EXERCISE AIM:
Every line in the data below that has the word "René" should be returned.

[ENTRIES SUPPLIED Boundary: Start]

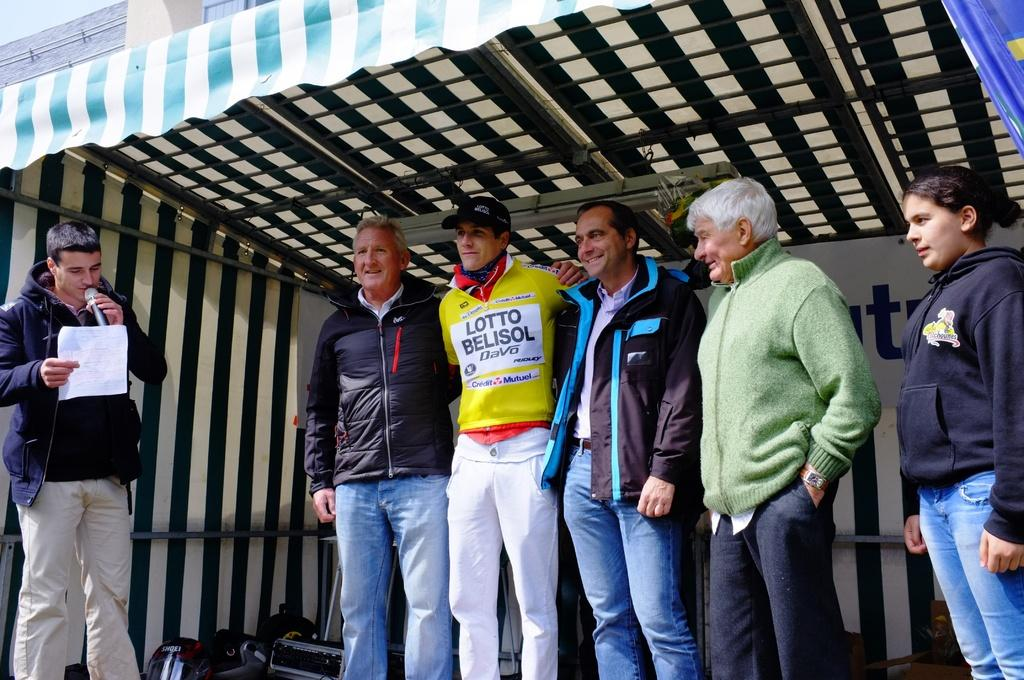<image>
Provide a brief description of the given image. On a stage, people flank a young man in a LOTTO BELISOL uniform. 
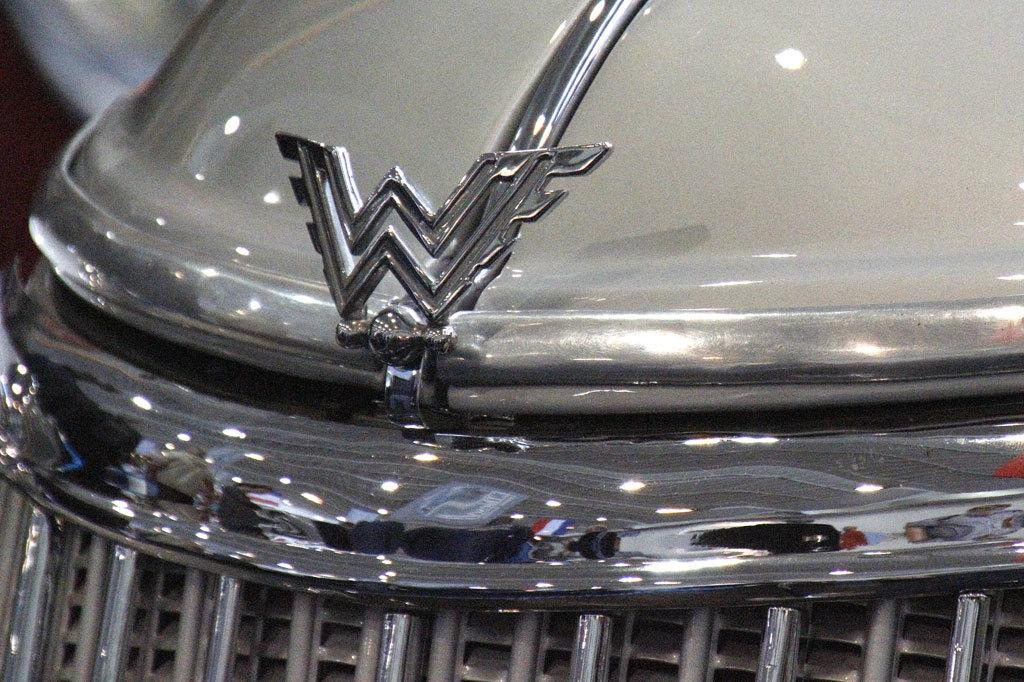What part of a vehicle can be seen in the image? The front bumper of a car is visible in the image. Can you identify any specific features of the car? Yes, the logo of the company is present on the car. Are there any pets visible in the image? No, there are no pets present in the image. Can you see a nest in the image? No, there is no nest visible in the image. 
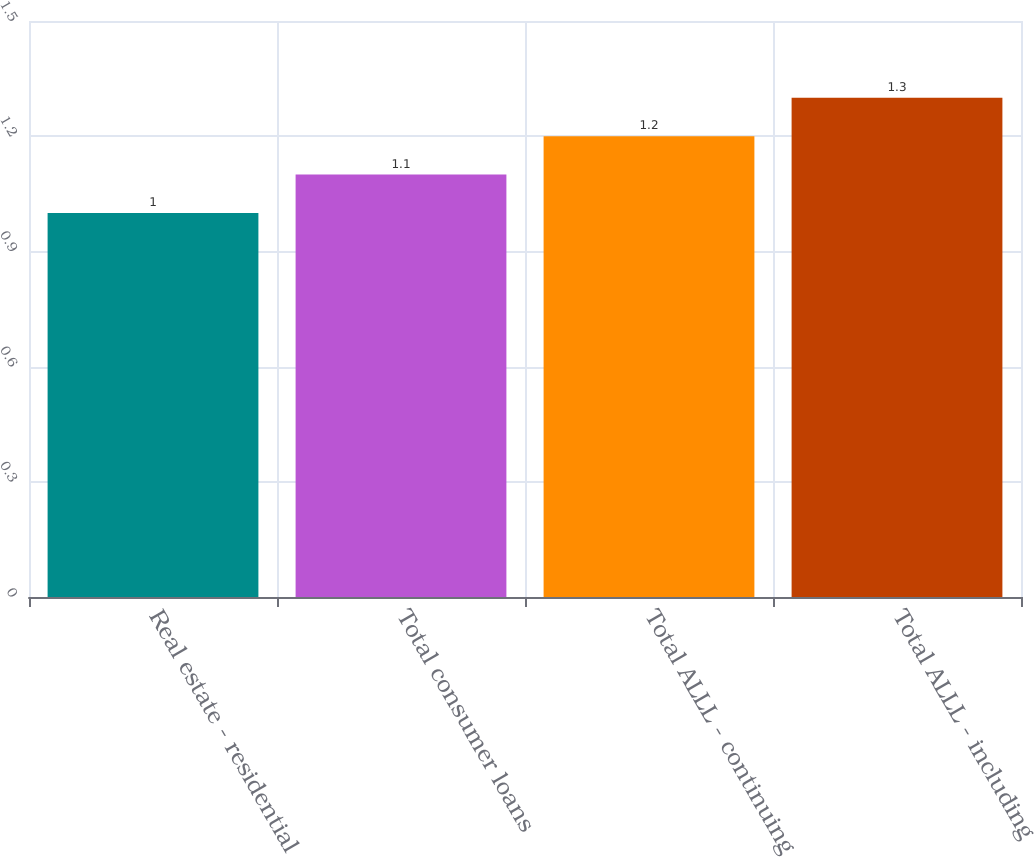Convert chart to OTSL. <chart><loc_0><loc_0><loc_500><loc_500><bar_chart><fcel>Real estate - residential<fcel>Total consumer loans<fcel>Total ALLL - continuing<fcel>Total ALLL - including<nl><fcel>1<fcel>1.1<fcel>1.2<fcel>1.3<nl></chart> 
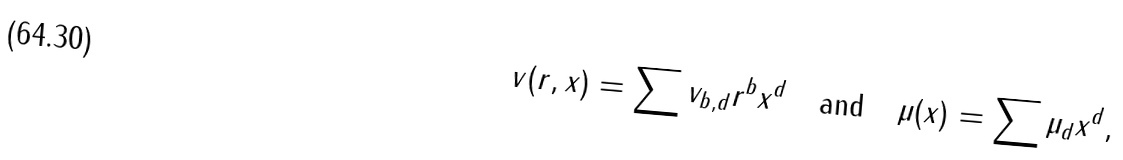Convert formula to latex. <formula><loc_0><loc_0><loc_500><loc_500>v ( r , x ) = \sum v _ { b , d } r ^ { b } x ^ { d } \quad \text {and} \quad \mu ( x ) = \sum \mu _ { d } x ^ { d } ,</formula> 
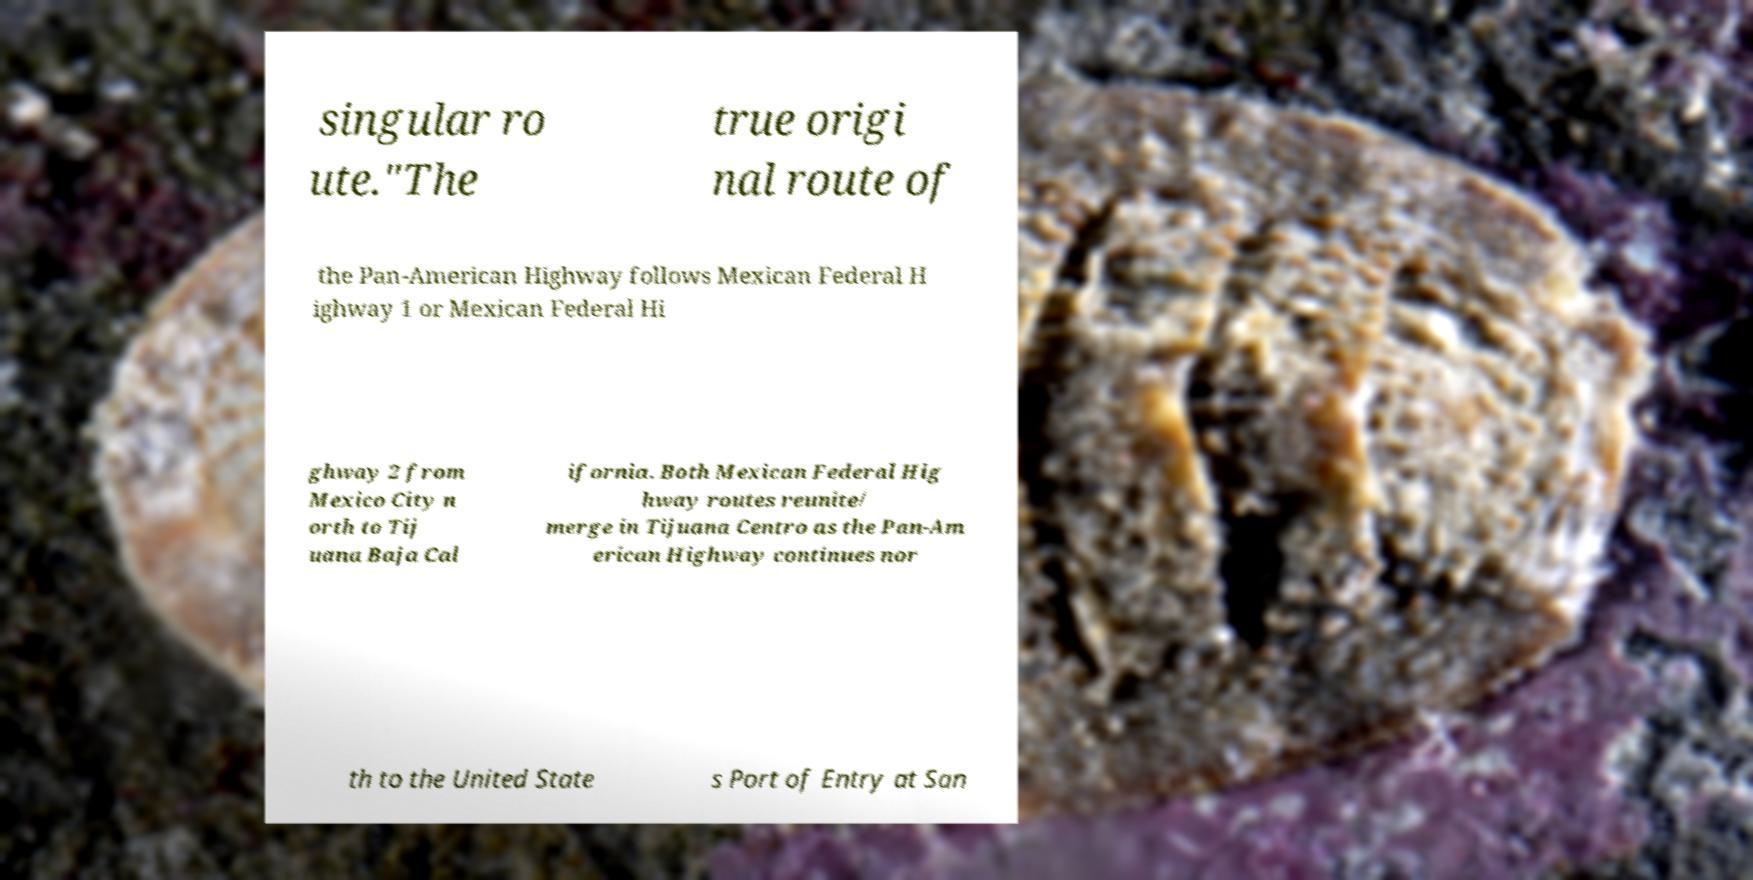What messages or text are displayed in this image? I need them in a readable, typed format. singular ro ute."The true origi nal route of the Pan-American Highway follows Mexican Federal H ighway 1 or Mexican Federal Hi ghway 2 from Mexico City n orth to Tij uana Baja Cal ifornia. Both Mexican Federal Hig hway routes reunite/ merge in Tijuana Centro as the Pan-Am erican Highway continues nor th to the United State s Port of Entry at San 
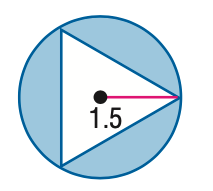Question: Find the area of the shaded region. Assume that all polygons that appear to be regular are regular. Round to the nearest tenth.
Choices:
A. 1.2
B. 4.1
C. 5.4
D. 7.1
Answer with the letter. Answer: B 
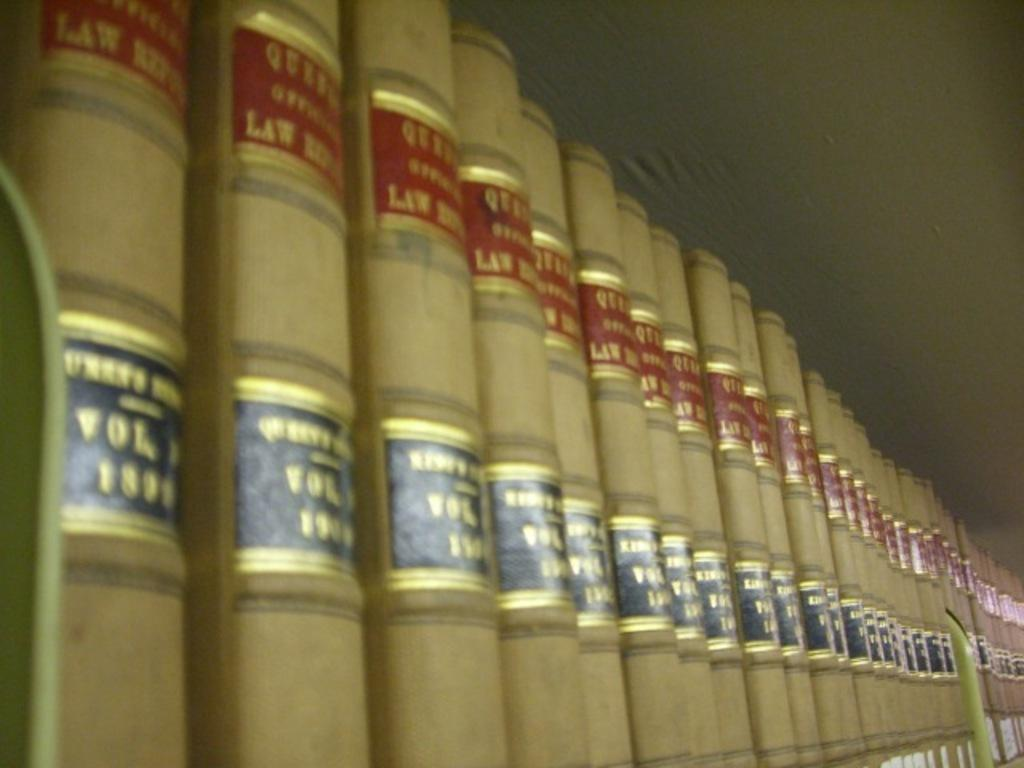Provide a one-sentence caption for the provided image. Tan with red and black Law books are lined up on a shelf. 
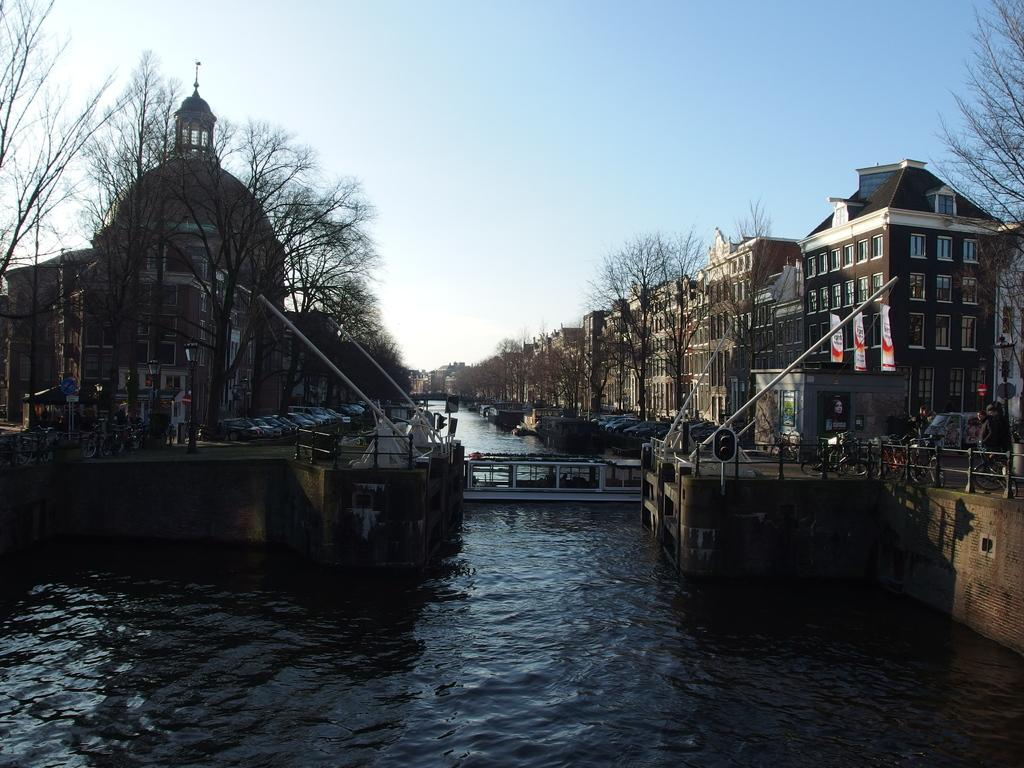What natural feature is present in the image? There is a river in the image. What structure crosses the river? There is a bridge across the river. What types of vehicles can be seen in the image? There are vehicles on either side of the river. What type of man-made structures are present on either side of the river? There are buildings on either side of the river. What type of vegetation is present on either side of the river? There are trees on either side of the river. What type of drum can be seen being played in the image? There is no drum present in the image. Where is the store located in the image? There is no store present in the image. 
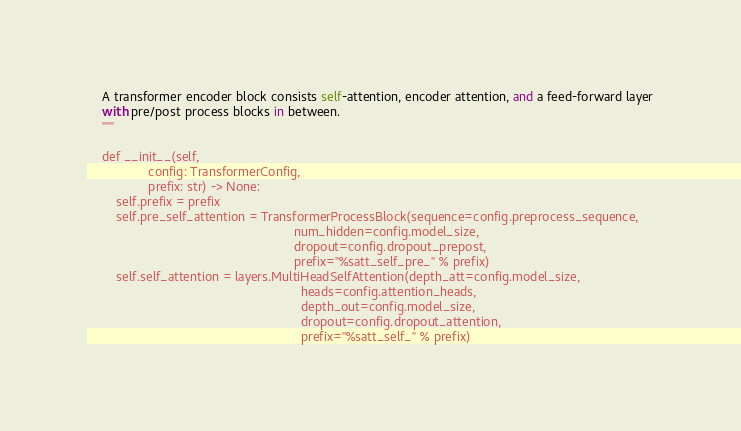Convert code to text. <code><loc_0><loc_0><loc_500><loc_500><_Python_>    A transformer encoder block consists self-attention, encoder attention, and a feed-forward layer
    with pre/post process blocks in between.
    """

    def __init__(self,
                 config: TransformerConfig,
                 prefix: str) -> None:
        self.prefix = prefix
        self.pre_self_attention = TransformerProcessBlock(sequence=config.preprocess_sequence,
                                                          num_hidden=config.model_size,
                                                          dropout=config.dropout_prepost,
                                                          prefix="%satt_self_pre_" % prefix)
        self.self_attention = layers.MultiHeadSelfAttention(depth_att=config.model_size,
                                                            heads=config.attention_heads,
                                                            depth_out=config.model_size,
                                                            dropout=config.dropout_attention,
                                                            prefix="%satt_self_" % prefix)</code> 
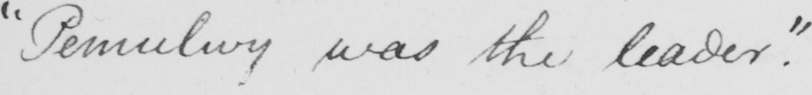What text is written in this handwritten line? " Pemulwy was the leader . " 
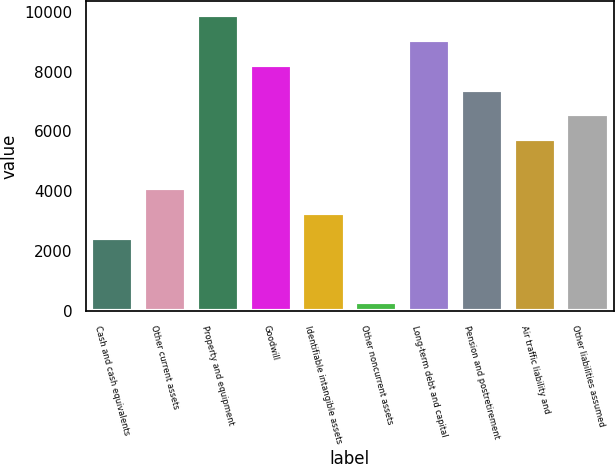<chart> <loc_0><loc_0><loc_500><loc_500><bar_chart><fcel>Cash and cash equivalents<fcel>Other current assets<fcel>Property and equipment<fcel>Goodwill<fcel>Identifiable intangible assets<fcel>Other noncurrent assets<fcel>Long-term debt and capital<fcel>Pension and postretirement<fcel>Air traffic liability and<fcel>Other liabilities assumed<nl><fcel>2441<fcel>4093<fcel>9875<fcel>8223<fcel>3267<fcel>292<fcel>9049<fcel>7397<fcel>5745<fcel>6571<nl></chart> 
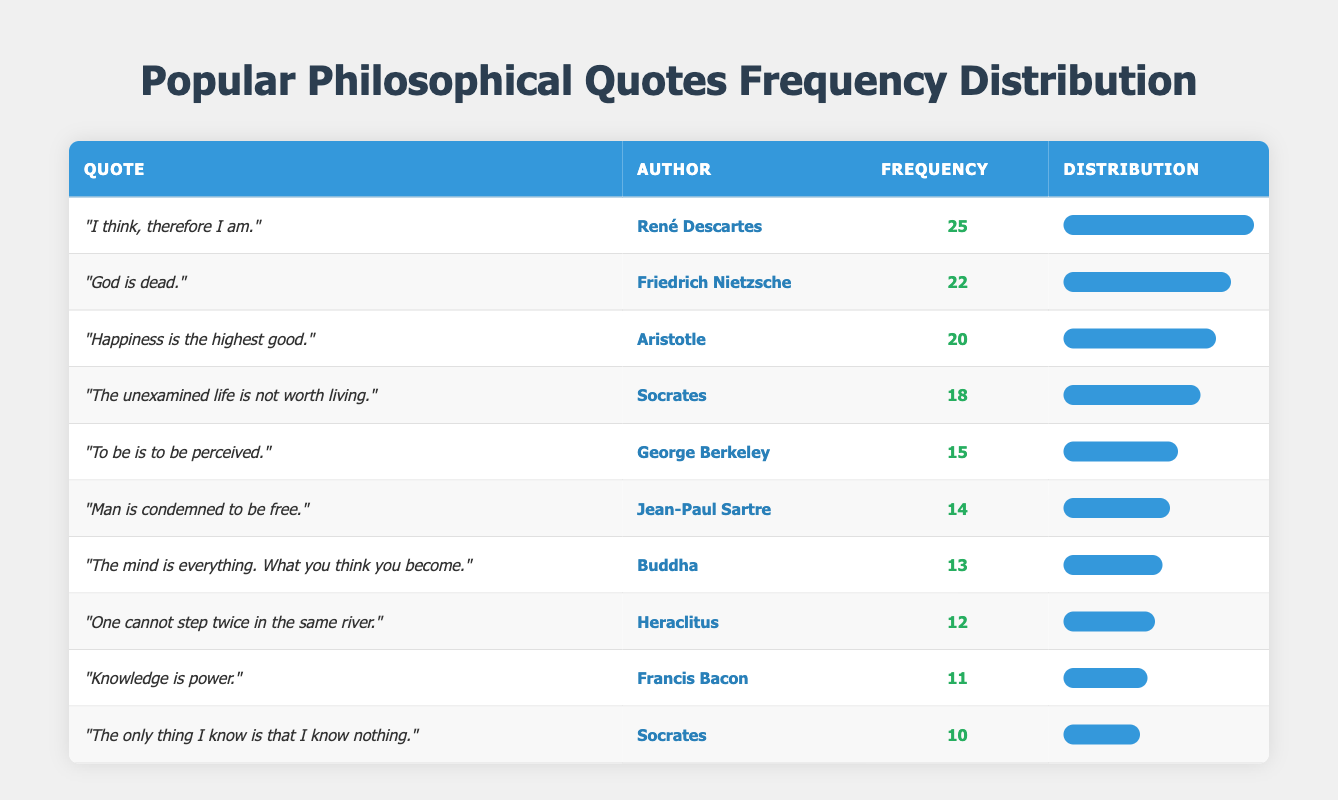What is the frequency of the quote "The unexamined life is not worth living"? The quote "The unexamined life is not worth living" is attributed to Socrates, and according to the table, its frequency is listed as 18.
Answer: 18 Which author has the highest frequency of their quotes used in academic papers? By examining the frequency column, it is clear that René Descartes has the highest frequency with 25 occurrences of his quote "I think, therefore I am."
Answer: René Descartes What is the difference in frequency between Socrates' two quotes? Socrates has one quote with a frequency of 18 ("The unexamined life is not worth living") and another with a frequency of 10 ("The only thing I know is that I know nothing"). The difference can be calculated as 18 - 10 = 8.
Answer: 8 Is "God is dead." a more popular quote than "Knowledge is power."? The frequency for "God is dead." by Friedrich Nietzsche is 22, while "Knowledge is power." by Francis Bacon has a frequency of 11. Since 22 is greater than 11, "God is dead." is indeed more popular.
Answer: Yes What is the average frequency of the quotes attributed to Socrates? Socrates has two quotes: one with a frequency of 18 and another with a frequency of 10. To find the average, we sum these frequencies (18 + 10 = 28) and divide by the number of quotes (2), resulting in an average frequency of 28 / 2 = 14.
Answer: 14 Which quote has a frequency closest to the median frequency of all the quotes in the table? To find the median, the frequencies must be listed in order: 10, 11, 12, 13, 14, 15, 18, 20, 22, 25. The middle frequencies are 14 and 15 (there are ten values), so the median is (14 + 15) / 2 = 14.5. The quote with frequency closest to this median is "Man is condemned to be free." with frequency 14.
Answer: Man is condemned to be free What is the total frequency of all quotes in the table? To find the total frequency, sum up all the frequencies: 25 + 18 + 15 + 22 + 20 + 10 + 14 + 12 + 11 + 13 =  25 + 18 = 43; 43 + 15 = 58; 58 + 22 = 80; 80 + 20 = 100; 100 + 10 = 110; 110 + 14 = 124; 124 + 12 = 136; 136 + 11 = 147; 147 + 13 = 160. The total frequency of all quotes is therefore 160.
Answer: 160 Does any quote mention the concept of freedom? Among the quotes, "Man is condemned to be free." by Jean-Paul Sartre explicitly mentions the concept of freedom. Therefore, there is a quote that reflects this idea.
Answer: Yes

[ENTRIES SUPPLIED Boundary: End]

SOLUTION:
Answer: 18 Which author has the highest frequency of their quotes used in academic papers? By examining the frequency column, it is clear that René Descartes has the highest frequency with 25 occurrences of his quote "I think, therefore I am."
Answer: René Descartes What is the difference in frequency between Socrates' two quotes? Socrates has one quote with a frequency of 18 ("The unexamined life is not worth living") and another with a frequency of 10 ("The only thing I know is that I know nothing"). The difference can be calculated as 18 - 10 = 8.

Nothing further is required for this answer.